*What needs to be done*. From the top of the entries, reproduce each line exactly, stopping after the line that contains "- electrical component (346,118,427,204)". Omit pictures.

(Excerpts from a dataset)
——
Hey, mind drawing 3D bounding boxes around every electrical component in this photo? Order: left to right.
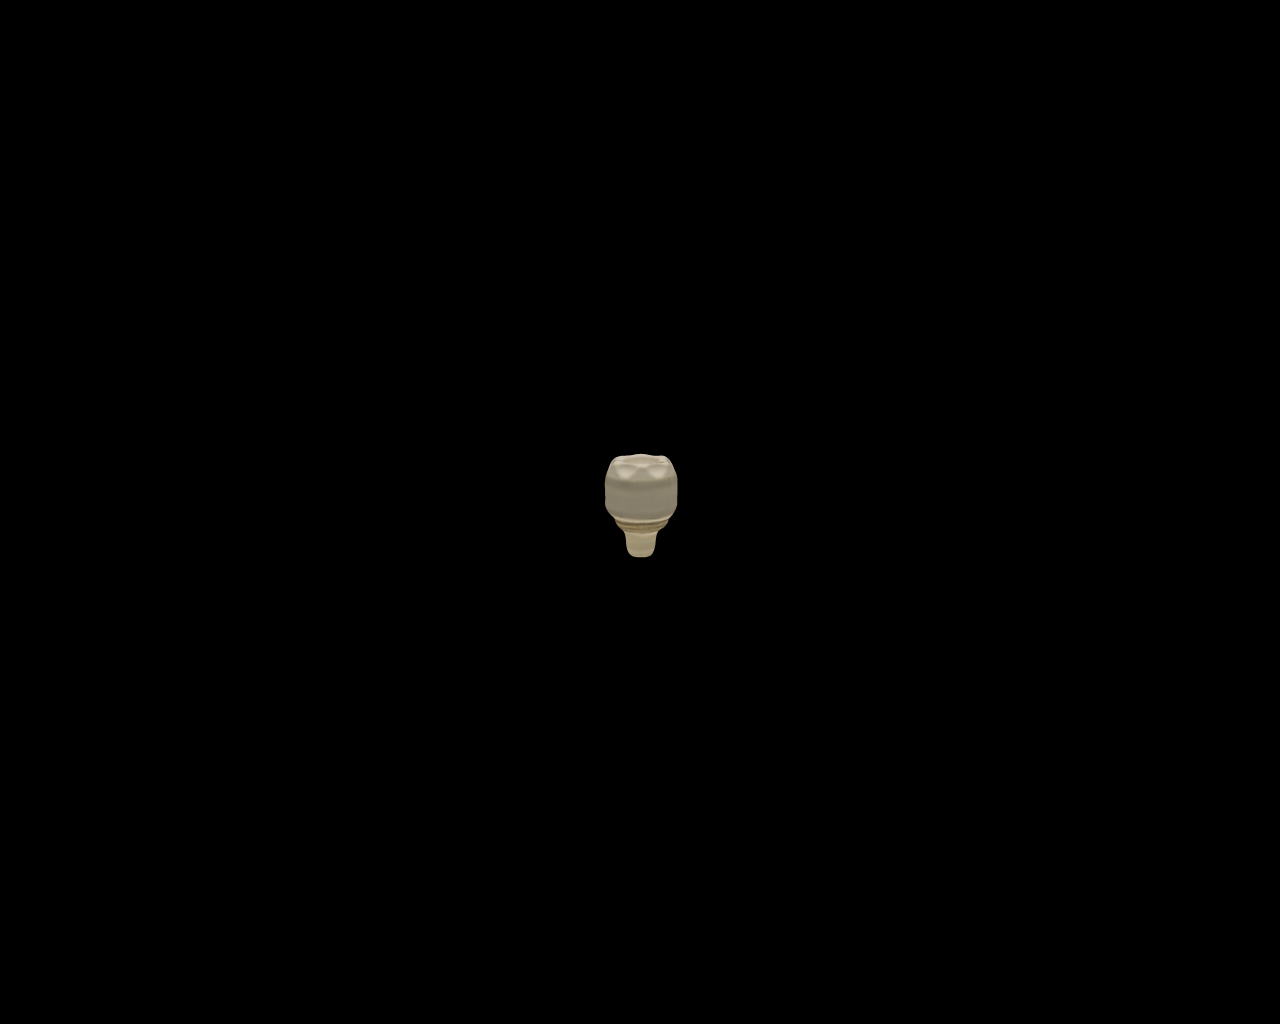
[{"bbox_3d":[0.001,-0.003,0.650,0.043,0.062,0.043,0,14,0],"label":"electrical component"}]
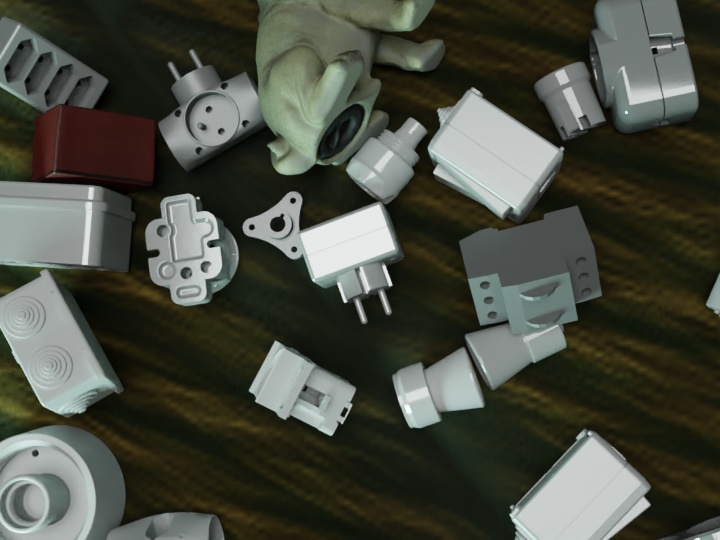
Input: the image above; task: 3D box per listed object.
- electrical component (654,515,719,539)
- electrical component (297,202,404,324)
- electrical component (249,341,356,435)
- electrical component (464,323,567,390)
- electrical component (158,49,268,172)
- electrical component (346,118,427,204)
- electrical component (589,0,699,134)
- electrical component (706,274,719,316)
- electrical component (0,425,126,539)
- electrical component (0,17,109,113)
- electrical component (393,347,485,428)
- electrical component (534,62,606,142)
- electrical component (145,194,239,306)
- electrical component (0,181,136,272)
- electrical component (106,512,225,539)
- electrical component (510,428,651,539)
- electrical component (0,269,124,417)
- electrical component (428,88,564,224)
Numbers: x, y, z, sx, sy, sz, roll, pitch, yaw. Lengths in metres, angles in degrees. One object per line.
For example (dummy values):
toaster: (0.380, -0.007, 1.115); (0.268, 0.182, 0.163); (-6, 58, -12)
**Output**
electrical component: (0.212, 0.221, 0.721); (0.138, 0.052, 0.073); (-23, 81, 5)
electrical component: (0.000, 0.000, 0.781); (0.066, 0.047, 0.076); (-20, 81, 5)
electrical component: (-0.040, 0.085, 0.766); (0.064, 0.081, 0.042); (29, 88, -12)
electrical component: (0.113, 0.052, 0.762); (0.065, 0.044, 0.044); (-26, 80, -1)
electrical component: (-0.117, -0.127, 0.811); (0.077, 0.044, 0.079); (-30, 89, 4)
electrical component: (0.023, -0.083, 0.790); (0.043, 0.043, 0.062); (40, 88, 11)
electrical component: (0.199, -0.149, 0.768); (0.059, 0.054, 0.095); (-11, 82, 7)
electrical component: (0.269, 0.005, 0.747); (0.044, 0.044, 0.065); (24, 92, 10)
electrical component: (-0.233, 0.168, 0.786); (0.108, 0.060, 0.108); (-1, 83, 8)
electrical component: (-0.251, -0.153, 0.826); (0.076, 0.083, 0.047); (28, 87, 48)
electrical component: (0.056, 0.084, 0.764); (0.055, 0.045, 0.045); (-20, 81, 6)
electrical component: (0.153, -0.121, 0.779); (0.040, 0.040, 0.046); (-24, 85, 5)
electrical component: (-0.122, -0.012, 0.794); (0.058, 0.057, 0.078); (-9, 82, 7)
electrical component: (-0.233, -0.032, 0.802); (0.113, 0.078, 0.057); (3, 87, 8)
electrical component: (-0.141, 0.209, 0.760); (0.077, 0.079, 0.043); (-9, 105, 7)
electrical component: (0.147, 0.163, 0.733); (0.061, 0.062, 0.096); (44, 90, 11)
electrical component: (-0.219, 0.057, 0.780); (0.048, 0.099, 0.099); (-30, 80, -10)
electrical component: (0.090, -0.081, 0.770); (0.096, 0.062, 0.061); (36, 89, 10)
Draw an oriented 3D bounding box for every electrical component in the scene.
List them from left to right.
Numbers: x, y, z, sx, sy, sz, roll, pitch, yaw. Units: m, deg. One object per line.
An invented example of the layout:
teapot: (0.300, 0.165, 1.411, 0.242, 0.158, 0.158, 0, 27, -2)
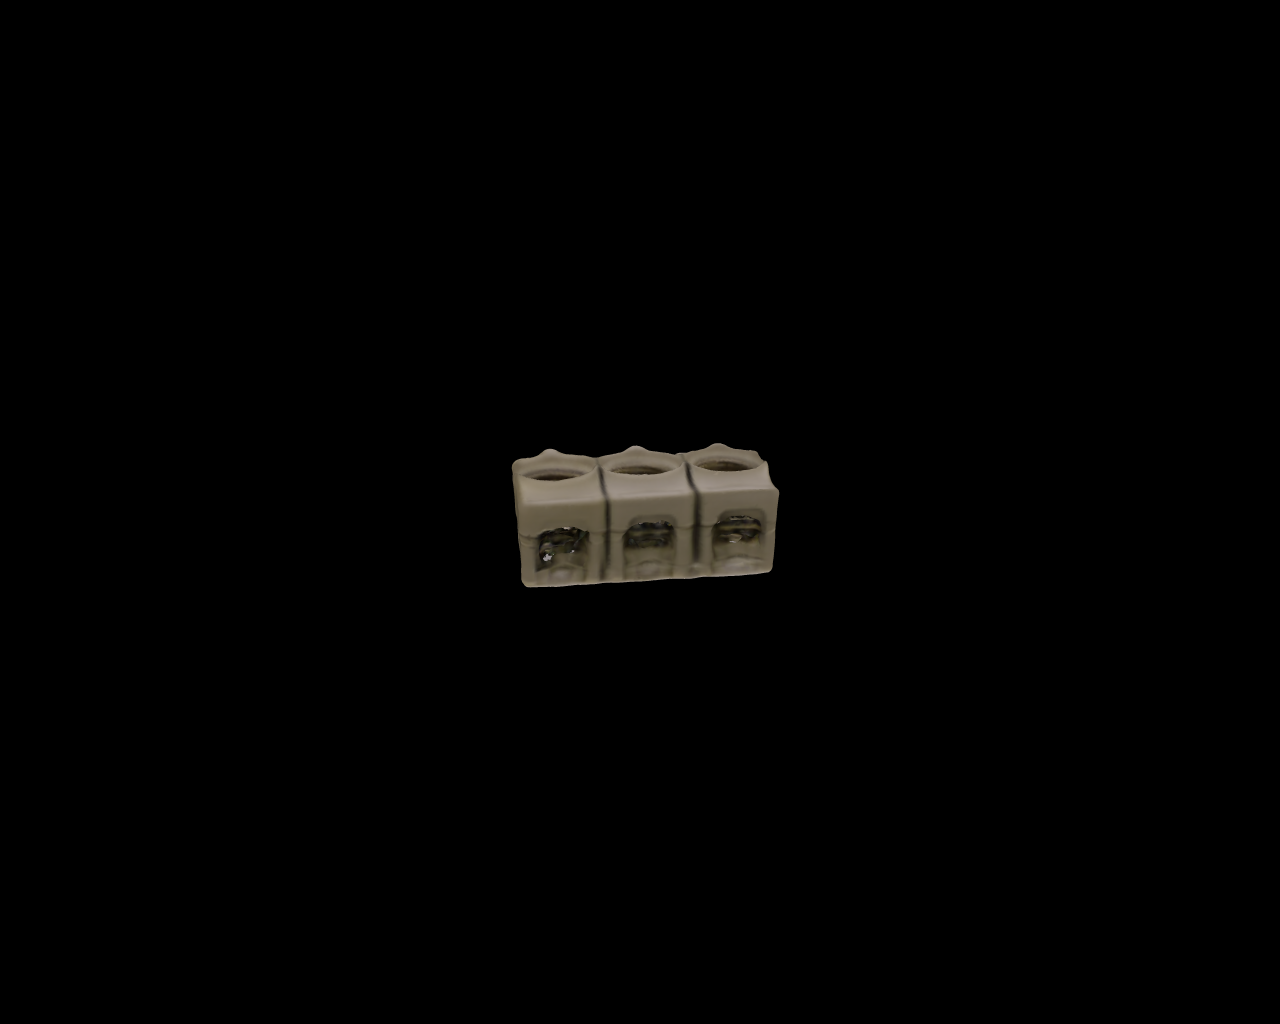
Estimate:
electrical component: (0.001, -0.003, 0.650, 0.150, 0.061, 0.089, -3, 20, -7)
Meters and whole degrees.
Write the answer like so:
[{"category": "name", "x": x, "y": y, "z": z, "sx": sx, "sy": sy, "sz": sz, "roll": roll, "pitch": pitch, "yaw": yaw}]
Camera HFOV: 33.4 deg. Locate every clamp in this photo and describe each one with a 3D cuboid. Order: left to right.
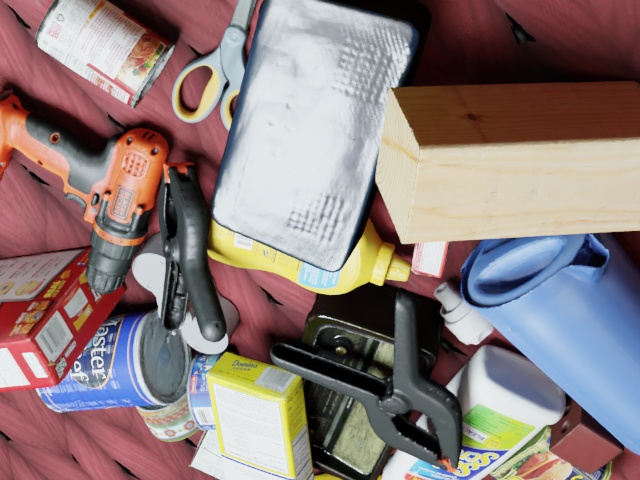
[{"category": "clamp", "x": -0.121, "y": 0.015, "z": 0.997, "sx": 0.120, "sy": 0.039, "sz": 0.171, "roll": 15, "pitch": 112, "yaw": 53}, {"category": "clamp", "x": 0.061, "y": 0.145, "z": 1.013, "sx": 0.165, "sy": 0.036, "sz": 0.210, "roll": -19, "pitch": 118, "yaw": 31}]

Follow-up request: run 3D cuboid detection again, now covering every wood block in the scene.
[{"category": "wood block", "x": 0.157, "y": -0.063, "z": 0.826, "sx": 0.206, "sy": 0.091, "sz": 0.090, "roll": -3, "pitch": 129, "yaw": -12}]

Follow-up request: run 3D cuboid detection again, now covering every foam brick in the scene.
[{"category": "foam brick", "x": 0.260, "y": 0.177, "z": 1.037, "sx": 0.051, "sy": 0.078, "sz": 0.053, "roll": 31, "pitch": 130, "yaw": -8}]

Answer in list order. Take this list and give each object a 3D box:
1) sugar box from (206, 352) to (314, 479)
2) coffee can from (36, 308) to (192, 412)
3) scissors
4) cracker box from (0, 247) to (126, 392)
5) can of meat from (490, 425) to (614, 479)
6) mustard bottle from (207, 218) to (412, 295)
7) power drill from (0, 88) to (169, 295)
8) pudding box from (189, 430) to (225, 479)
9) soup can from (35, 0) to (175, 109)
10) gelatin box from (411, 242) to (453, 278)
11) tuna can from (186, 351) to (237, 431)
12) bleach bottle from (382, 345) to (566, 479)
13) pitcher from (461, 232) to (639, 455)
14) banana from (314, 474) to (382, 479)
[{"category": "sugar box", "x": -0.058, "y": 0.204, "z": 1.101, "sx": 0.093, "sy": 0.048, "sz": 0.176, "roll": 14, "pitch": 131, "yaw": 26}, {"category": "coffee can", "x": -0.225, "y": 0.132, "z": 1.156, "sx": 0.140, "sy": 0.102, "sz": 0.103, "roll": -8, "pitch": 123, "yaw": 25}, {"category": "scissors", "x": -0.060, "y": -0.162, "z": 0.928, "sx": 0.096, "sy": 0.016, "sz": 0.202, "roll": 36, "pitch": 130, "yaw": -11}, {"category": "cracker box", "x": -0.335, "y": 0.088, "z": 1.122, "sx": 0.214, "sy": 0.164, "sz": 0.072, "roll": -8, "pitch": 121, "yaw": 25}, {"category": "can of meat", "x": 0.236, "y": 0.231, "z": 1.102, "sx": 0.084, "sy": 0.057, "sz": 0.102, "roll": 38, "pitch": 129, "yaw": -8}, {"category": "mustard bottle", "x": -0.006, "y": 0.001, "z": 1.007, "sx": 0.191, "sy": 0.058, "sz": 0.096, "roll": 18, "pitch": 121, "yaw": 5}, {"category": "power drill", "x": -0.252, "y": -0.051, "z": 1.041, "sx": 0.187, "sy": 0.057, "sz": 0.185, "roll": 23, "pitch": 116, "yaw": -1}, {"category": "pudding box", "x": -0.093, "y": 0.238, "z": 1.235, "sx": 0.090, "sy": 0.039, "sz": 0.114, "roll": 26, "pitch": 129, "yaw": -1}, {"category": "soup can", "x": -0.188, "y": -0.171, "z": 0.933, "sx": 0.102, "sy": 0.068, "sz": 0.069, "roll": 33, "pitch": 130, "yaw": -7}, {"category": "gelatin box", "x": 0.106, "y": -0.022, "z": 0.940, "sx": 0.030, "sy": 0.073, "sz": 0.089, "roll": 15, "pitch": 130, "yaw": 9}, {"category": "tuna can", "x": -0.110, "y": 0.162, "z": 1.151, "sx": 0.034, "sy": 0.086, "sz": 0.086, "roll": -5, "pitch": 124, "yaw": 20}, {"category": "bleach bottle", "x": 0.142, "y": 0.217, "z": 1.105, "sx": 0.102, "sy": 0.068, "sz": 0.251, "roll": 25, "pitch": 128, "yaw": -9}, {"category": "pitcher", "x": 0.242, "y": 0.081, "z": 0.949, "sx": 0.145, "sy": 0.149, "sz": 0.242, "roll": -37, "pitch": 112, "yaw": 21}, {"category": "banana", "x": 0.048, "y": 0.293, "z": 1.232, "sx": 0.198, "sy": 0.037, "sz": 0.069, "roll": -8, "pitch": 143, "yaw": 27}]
——
*Answer to this task*.
Hey, mind drawing 3D bounding boxes around every electrical component in this photo? Order: left to right.
[{"bbox_3d":[0.001,-0.003,0.650,0.043,0.062,0.043,0,14,0],"label":"electrical component"}]
Input: the image above; task: 3D box per listed object.
- electrical component (654,515,719,539)
- electrical component (297,202,404,324)
- electrical component (249,341,356,435)
- electrical component (464,323,567,390)
- electrical component (158,49,268,172)
- electrical component (346,118,427,204)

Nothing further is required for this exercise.